Cornsweet and Teller's (
1965) findings can be explained by the multiscale theory because the test increment was significantly inset from the outer edge of the pedestal. Thus, an induced brightness change would have no effect on a spatial filter tuned to the size of the test region. An actual luminance pedestal, however, would stimulate the surround of this spatial filter, reducing sensitivity. Note that the symbolic filling-in theory can potentially explain Cornsweet and Teller's finding as well, but has difficulty explaining the grating induction stimulus used by McCourt and Kingdom (
1996), where nonuniform lightness is induced into a uniform region, or how this induced grating could combine additively with an actual grating. In the multiscale model induced and physical brightness are the product of the same neural units, so it has no difficulty predicting McCourt and Kingdom's results.

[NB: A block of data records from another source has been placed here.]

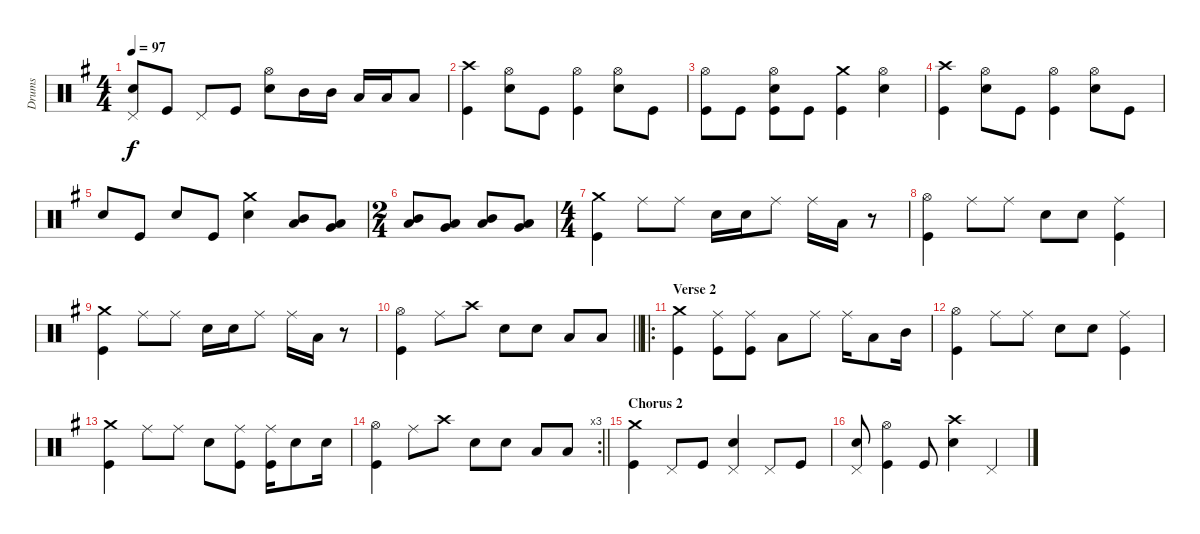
\track ("Drums" "Drums") {instrument percussion}
\staff {score}
\articulation defaults
\ts (4 4)
\tempo 97
\clef neutral
\ks g
("Pedal Hi-Hat (hit)" "Snare (hit) 2").8{dy f} "Kick (hit)".8 "Pedal Hi-Hat (hit)".8 "Kick (hit)".8 ("Hi-Hat (open)" "Snare (hit) 2").8 "Mid Tom (hit)".16 "Mid Tom (hit)".16 "Low Tom (hit)".16 "Low Tom (hit)".16 "Low Tom (hit)".8 |
("Crash high (hit)" "Kick (hit)").4 ("Hi-Hat (open)" "Snare (hit) 2").8 "Kick (hit)".8 ("Hi-Hat (open)" "Kick (hit)").4 ("Hi-Hat (open)" "Snare (hit) 2").8 "Kick (hit)".8 |
("Hi-Hat (open)" "Kick (hit)").8 "Kick (hit)".8 ("Hi-Hat (open)" "Snare (hit) 2" "Kick (hit)").8 "Kick (hit)".8 ("Crash medium (hit)" "Kick (hit)").4 ("Hi-Hat (open)" "Snare (hit) 2").4 |
("Crash high (hit)" "Kick (hit)").4 ("Hi-Hat (open)" "Snare (hit) 2").8 "Kick (hit)".8 ("Hi-Hat (open)" "Kick (hit)").4 ("Hi-Hat (open)" "Snare (hit) 2").8 "Kick (hit)".8 |
"Snare (hit) 2".8 "Kick (hit)".8 "Snare (hit) 2".8 "Kick (hit)".8 ("Crash medium (hit)" "Snare (hit) 2").4 ("Mid Tom (hit)" "Low Tom (hit)").8 ("Very Low Tom (hit)" "Low Tom (hit)").8 |
\ts (2 4)
("Mid Tom (hit)" "Low Tom (hit)").8 ("Very Low Tom (hit)" "Low Tom (hit)").8 ("Mid Tom (hit)" "Low Tom (hit)").8 ("Very Low Tom (hit)" "Low Tom (hit)").8 |
\ts (4 4)
("Crash medium (hit)" "Kick (hit)").4 "Ride (middle)".8 "Ride (middle)".8 "Snare (hit) 2".16 "Snare (hit) 2".16 "Ride (middle)".8 "Ride (middle)".16 "Low Tom (hit)".16 r.8 |
("Hi-Hat (open)" "Kick (hit)").4 "Ride (middle)".8 "Ride (middle)".8 "Snare (hit) 2".8 "Snare (hit) 2".8 ("Ride (middle)" "Kick (hit)").4 |
("Crash medium (hit)" "Kick (hit)").4 "Ride (middle)".8 "Ride (middle)".8 "Snare (hit) 2".16 "Snare (hit) 2".16 "Ride (middle)".8 "Ride (middle)".16 "Low Tom (hit)".16 r.8 |
\barLineRight lightlight
("Hi-Hat (open)" "Kick (hit)").4 "Ride (middle)".8 "Crash high (hit)".8 "Snare (hit) 2".8 "Snare (hit) 2".8 "Low Tom (hit)".8 "Low Tom (hit)".8 |
\ro
\section ("" "Verse 2")
("Crash medium (hit)" "Kick (hit)").4 ("Ride (middle)" "Kick (hit)").8 ("Ride (middle)" "Kick (hit)").8 "Low Tom (hit)".8 "Ride (middle)".8 "Ride (middle)".16 "Low Tom (hit)".8 "Mid Tom (hit)".16 |
("Hi-Hat (open)" "Kick (hit)").4 "Ride (middle)".8 "Ride (middle)".8 "Snare (hit) 2".8 "Snare (hit) 2".8 ("Ride (middle)" "Kick (hit)").4 |
("Crash medium (hit)" "Kick (hit)").4 "Ride (middle)".8 "Ride (middle)".8 "Snare (hit) 2".8 ("Ride (middle)" "Kick (hit)").8 ("Ride (middle)" "Kick (hit)").16 "Snare (hit) 2".8 "Snare (hit) 2".16 |
\rc 3
\barLineRight lightlight
("Hi-Hat (open)" "Kick (hit)").4 "Ride (middle)".8 "Crash high (hit)".8 "Snare (hit) 2".8 "Snare (hit) 2".8 "Low Tom (hit)".8 "Low Tom (hit)".8 |
\section ("" "Chorus 2")
("Crash medium (hit)" "Kick (hit)").4 "Pedal Hi-Hat (hit)".8 "Kick (hit)".8 ("Pedal Hi-Hat (hit)" "Snare (hit) 2").4 "Pedal Hi-Hat (hit)".8 "Kick (hit)".8 |
("Pedal Hi-Hat (hit)" "Snare (hit) 2").8 ("Hi-Hat (open)" "Kick (hit)").4 "Kick (hit)".8 ("Crash high (hit)" "Snare (hit) 2").4 "Pedal Hi-Hat (hit)".4

Our results suggest that it would be interesting to revise Cornsweet and Teller's (
1965) study, varying the spatial parameters; when the test increment is significantly less inset, we would predict that a brightness pedestal would indeed reduce sensitivity.
Converging evidence supporting the importance of spatial alignment comes from a recent study of chromatic afterimages by Kim and Francis (
2011). They extended the illusion introduced by Van Lier, Vergeer, and Anstis (
2009) that demonstrates what appears to be color averaging of chromatic afterimages within achromatic borders. Kim and Francis varied the alignment of the achromatic borders (lines) so that they were inset (and outset) relative to the afterimage. According to filling-in theories the lines block the spreading of filled-in color, so changing their location should change the size of the chromatic afterimage. Instead, the spread of color often extended past the lines suggesting that they only block “filling-in” when the lines are aligned with the edge of the chromatic afterimage. The authors point out that since color spreading was still seen, their results still support filling-in generally, though in a very different form from current models. We propose a different explanation: The lines serve to draw attention to or enhance the response of cells aligned with the chromatic contrast due to the afterimage. This makes it easier to locate the edge of what is a fairly noisy signal (the chromatic afterimages are quite faint and have indistinct edges due to small eye movements during adaptation). In any case, their results and ours highlight the importance of studying spatial relationships and alignment to better understand the visual representation of lightness, brightness, and color.